Gray first took on his drag persona at the War on AIDS benefit in 1986. He co-founded Home for the Holidays to send people with AIDS home to their families for Christmas. Today, more than 30 years later, he continues to raise money at AIDS benefits and for other charitable causes.

On a panel about the Names Project is a picture of a quilt made for Brent Cole. Cole was a travel agent at The Reservation Desk, a travel agency I co-owned with current Turtle Creek Chorale Executive Director Bruce Jaster. One day, after working at his desk for an hour or two, Cole suddenly couldn’t communicate verbally. He came to the office for another week, and then we arranged for his to move to Hillcrest House where he died a few months later.

In a display case is a picture of Duane Kearns Puryear. He’s seen holding a panel in Washington, D.C. at a showing of the AIDS Memorial Quilt. It reads, “My name is Duane Kearns Puryear. I was born on December 20, 1964. I was diagnosed with AIDS on September 7, 1987 at 4:45 pm. I was 22 years old. Sometimes, it makes me very sad. I made this panel myself. If you are reading it, I am dead…”

Puryear, according to an article published by the Names Project, was infected at age 16, but not diagnosed until he was 22. He died at age 26.
While Puryear was alive, his panel hung at Resource Center. On the trip back from Washington, he put the panel in the overhead bin on the airplane and forgot it. He called American Airlines and they searched for it, but it never reappeared. The panel that’s sewn together with other Dallas panels in the quilt was recreated from this picture by his mother.

UNT Exhibits Coordinator Jamie Parker said the City Hall exhibit and the one across the street at the main branch of the Dallas Public Library were created separately. The library exhibit was assembled from pieces of last year’s City Hall display.

Parker said she found footage that included Puryear in the KXAS archive that is also preserved in the UNT Special Collections. Unfortunately there was no way to include that footage at City Hall.

In looking for what to include, Parker said she wanted artifacts “that make a statement.” She described a grand marshal sash given to former Resource Center Food Pantry Director Mary Franklin as one of her favorite items.

“How the community honored people who preserved history with their cool sashes and awards is so interesting,” Parker said.

That sash and other photos and artifacts are housed in display cases on the seventh floor of the library.

Some of the fun facts from the library exhibit point out just how well the Dallas LGBT community organizes. For example, DIVA — the Dallas Invitational Volleyball Association — began in 1989 with six teams.
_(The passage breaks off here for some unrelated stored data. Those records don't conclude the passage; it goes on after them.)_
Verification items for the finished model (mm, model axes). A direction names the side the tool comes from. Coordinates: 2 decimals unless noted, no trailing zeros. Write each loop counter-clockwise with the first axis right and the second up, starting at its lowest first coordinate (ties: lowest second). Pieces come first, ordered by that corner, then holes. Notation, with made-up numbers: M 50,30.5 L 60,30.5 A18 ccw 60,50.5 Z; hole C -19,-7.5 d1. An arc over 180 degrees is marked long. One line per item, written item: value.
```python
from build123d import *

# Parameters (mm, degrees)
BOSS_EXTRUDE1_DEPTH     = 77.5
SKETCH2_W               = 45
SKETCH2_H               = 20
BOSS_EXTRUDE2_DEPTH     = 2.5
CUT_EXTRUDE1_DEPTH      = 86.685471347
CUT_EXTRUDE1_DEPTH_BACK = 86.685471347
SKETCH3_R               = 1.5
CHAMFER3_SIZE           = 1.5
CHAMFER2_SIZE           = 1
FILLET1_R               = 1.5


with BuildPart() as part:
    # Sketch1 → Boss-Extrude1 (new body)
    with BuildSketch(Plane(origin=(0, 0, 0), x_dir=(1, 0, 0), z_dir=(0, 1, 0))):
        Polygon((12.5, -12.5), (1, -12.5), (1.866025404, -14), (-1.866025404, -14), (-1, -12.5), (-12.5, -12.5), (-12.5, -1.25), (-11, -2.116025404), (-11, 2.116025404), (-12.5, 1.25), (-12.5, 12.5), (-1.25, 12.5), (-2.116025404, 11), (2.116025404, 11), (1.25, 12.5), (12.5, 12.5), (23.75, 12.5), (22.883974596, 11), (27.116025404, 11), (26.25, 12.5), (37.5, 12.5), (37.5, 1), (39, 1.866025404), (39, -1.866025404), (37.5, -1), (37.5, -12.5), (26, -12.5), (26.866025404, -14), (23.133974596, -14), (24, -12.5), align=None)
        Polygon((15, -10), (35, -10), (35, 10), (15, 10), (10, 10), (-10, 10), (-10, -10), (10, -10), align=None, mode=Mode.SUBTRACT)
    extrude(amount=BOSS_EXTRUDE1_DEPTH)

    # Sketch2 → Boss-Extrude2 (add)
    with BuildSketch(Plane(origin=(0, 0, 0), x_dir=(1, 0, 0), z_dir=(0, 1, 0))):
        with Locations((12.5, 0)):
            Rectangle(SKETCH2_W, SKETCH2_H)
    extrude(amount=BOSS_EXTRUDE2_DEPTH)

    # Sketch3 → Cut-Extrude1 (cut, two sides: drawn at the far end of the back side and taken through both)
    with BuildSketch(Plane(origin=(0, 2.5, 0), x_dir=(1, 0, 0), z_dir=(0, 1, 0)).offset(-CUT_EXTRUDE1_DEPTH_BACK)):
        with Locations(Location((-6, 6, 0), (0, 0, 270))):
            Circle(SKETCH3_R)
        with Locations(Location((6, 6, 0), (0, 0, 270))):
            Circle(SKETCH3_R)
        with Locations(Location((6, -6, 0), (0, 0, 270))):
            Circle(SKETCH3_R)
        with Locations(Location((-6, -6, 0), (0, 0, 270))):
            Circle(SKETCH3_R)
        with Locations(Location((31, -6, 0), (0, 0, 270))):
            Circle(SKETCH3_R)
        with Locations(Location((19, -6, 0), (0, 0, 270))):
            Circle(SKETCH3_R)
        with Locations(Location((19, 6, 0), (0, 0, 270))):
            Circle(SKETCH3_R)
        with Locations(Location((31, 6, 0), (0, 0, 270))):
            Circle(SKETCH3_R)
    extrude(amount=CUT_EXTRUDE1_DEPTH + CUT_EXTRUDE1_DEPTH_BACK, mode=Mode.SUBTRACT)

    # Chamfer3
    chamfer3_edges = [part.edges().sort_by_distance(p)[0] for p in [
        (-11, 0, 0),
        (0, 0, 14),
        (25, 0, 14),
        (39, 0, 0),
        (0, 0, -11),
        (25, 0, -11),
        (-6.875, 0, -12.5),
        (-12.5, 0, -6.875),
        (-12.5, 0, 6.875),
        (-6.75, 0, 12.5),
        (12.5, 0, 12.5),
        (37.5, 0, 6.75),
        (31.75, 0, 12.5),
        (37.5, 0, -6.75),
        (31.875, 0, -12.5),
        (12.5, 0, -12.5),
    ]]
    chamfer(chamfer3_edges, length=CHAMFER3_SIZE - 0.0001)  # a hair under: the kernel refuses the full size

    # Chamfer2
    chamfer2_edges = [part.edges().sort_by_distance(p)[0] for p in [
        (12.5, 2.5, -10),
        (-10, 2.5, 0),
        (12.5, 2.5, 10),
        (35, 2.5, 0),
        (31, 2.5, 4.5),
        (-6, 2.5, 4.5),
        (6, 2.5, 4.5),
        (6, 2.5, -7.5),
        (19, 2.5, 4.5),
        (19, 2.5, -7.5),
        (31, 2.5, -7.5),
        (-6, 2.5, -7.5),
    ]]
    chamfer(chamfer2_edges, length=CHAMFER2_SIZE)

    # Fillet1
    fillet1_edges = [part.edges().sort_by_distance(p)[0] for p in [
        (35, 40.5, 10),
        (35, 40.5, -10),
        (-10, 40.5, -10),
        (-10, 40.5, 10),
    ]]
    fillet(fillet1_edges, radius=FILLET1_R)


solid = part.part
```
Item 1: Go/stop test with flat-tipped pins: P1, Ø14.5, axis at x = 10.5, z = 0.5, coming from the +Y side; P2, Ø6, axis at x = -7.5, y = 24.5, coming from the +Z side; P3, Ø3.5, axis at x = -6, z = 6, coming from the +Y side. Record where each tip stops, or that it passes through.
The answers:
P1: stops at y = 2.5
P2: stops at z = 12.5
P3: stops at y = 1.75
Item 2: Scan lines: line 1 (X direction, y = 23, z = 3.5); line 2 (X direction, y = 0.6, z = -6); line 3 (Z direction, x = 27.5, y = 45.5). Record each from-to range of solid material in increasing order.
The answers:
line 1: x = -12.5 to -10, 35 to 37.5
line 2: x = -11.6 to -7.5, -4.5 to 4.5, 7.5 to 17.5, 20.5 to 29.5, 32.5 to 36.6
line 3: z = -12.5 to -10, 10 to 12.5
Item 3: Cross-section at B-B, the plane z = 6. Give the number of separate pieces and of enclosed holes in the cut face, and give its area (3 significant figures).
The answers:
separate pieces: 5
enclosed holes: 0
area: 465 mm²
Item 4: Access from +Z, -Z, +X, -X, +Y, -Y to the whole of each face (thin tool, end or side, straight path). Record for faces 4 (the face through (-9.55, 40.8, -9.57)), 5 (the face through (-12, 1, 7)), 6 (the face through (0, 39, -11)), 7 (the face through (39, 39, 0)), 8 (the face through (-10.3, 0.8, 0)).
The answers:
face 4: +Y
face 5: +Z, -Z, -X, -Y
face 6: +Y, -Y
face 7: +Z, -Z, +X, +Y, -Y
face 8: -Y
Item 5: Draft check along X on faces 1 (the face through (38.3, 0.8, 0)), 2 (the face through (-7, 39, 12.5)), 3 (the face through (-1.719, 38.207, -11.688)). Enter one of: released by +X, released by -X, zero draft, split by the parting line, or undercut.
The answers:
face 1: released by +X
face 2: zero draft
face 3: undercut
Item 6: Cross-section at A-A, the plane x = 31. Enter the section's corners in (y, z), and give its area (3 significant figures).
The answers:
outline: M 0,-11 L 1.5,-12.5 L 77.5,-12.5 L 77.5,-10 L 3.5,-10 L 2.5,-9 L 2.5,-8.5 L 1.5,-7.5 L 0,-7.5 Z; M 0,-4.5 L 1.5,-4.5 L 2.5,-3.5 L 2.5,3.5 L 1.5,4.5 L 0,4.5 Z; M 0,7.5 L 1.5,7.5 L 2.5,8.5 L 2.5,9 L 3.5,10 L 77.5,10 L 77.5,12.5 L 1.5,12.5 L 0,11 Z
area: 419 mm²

It quickly grew to 54 teams and some 400 individuals, making it one of the largest sports organizations in DFW and one of the largest volleyball organizations in the U.S.
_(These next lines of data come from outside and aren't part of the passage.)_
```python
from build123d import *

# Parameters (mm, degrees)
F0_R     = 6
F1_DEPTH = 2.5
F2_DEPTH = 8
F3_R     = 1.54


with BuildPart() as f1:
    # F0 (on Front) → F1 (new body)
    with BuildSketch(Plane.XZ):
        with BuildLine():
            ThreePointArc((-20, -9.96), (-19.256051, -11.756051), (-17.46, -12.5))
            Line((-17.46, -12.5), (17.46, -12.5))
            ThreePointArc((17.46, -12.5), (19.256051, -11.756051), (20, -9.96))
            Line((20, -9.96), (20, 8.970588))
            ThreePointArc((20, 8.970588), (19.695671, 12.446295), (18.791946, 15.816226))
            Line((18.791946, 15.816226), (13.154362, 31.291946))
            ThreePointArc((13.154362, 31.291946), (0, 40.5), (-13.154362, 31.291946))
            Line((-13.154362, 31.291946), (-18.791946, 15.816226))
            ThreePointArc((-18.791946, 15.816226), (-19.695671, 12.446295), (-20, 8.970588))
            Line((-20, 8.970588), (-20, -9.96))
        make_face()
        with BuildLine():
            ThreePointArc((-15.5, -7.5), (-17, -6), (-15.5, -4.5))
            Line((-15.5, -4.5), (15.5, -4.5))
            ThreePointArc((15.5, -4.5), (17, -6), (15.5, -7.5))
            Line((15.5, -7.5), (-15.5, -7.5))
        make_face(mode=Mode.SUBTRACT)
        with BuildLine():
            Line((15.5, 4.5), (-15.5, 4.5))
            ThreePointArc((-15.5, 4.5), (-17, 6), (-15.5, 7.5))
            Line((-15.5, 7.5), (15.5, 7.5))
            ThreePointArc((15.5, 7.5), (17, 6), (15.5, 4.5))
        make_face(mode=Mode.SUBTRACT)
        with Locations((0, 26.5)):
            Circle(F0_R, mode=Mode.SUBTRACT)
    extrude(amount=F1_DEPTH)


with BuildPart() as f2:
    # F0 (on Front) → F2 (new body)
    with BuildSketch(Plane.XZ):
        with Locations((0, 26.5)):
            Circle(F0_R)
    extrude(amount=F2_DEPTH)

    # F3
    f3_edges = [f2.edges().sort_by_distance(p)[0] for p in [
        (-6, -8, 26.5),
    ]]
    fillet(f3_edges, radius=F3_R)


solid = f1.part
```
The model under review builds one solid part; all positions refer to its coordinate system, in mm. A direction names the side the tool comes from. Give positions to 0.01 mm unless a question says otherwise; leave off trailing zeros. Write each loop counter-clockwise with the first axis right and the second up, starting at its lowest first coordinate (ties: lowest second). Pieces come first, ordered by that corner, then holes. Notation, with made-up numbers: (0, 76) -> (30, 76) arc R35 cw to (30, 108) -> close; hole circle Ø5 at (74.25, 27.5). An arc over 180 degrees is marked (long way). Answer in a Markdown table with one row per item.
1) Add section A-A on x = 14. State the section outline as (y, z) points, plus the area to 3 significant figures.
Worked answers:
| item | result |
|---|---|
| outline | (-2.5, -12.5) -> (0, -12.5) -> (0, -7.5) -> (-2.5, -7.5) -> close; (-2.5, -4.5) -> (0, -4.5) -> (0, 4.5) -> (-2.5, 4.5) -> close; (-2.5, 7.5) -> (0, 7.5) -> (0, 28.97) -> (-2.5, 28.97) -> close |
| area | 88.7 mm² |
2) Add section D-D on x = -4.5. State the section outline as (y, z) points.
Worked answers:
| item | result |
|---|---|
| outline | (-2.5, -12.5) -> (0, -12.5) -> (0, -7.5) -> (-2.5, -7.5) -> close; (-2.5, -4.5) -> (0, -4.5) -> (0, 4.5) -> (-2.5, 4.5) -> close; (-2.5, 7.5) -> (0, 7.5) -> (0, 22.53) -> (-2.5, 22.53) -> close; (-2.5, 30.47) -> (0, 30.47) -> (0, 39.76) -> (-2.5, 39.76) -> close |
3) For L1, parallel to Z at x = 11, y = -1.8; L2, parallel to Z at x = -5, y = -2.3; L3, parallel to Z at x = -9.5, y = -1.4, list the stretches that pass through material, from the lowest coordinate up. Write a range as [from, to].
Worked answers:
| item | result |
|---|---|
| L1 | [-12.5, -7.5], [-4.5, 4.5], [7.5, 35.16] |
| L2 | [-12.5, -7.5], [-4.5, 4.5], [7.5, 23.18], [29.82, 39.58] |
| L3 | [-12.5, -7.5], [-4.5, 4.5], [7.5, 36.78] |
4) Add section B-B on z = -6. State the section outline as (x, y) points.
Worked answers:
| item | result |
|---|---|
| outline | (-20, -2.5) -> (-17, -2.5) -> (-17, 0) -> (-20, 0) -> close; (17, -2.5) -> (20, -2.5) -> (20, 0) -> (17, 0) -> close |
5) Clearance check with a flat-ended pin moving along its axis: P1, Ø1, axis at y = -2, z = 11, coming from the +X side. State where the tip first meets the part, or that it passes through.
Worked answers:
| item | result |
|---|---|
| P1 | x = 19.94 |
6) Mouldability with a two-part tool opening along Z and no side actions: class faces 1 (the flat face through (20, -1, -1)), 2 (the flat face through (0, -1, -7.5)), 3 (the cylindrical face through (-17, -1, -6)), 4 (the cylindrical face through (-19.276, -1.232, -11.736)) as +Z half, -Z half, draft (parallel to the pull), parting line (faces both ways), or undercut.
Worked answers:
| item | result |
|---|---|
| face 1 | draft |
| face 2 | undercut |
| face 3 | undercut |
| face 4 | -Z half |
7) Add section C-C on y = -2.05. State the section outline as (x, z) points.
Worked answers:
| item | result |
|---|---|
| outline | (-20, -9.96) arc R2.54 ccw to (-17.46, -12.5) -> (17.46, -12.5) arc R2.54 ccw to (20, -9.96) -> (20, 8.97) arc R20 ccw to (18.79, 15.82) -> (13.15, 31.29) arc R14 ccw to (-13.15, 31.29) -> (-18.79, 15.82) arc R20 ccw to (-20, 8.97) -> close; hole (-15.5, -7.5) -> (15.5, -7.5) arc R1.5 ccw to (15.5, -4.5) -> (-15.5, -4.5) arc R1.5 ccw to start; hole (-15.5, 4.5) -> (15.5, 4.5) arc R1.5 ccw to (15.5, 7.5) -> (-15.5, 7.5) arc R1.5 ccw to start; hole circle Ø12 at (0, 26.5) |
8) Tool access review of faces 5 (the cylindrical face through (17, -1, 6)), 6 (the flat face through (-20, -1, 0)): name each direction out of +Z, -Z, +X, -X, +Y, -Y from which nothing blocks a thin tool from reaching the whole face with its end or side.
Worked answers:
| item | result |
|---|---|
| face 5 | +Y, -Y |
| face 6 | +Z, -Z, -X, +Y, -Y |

Cheer Dallas formed in 1993. By 1995, the group was participating in the National Cheerleaders Association All Star Competition, where they placed second.

Artifacts from the 1970s and ’80s tell the story of how the Alan Ross Texas Freedom Parade began and why Dallas’ Pride is in September. The story began 1977 when a Dallas schoolteacher — Don Baker — was fired from his position by DISD after he came out in a TV interview. The

September celebration of his victory, which included federal Judge Jerry Buchmeyer declaring the Texas sodomy law unconstitutional, was the origin of Dallas Pride.
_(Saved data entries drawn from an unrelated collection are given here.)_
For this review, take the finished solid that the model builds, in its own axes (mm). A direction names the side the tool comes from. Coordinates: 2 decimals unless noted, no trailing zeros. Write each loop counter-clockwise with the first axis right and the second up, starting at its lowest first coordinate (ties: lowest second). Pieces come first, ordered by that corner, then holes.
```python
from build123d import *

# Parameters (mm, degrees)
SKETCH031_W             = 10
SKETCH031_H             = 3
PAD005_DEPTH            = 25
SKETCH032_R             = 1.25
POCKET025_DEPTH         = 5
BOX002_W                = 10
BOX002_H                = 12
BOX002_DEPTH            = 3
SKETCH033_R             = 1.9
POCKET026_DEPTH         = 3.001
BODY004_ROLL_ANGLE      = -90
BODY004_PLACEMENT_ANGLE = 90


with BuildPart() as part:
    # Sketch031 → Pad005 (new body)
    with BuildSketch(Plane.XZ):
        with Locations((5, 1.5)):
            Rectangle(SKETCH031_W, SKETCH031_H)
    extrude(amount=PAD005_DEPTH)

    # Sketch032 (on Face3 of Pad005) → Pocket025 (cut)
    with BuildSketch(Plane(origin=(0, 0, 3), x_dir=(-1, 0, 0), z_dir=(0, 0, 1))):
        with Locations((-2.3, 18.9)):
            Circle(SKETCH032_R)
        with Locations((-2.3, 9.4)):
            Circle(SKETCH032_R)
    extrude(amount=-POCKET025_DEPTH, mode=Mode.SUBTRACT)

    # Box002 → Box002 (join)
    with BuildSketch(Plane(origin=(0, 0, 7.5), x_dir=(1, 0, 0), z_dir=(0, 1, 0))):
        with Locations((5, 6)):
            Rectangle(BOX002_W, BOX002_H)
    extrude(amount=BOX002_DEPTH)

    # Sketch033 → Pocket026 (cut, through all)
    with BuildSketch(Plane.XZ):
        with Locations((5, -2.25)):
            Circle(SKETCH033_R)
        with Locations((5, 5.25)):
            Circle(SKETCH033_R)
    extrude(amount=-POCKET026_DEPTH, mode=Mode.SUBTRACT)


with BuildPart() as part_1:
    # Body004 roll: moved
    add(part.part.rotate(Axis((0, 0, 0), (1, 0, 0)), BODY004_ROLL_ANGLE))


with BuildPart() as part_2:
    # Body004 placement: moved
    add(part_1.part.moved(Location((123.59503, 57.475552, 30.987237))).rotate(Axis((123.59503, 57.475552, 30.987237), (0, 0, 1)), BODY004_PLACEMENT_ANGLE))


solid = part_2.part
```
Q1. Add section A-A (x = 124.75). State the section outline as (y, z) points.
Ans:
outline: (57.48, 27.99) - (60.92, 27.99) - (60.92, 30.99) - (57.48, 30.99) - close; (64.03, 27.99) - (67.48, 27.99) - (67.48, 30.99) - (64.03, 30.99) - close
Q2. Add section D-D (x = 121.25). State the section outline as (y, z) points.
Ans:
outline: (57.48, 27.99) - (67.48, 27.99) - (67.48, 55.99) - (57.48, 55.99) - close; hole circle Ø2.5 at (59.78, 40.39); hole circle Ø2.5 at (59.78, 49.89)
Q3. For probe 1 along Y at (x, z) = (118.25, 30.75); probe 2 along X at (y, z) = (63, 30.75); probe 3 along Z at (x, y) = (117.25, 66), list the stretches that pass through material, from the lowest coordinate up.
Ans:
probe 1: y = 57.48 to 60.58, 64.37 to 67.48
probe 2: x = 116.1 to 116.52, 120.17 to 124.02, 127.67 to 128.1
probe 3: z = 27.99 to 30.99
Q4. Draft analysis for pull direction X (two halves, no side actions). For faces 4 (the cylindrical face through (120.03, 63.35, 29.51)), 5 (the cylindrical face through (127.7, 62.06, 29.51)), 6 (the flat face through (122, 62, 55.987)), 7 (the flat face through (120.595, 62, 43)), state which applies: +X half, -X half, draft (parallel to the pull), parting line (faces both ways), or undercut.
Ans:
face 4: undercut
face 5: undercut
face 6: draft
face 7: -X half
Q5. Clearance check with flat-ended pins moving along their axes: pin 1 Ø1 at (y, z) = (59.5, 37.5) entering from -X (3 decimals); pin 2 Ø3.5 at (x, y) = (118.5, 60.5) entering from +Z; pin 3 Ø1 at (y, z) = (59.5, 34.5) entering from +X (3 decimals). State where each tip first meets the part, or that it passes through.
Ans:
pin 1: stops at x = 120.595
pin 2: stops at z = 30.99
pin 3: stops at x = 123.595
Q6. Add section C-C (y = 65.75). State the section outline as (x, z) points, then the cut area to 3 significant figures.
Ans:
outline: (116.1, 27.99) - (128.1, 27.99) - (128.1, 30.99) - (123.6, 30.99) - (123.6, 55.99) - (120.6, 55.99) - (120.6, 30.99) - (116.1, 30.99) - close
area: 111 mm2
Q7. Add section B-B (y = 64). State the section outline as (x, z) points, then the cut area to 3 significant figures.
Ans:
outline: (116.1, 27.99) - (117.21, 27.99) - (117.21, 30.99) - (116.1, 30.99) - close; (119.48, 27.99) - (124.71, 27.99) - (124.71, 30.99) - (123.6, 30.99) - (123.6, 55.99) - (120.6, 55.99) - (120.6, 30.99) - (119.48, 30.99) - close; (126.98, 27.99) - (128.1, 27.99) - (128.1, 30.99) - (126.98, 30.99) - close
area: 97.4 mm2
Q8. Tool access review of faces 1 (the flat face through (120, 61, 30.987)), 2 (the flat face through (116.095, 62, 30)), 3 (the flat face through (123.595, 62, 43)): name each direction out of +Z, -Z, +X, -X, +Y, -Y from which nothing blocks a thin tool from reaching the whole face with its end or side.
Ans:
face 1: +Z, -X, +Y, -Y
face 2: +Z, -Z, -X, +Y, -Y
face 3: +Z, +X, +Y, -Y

The history of gays on the Dallas City Council includes the story of two runs for office by Crossroads Market owner Bill Nelson, but it also remembers the candidacy of an openly gay man in 1978 — the Rev. James Harris. Former Councilman Craig McDaniel will be happy to know he’s remembered in the exhibit by his official Dallas Morning News title, Craig McDaniel F.O.G. (that’s First Openly Gay).

There’s another reason to visit the seventh floor of the Jonsson library: The floor’s been closed for a couple of years while renovations were made to its exhibit and documents collection. Back on display are original copies of Shakespeare’s First Folio, printed in 1623, and an original copy of the Declaration of Independence, the only one owned and displayed west of the Mississippi.

The exhibit at City Hall remains on display in the lobby under the Pride Flag through June. The Pride exhibit at the Jonsson Library remains on display through September.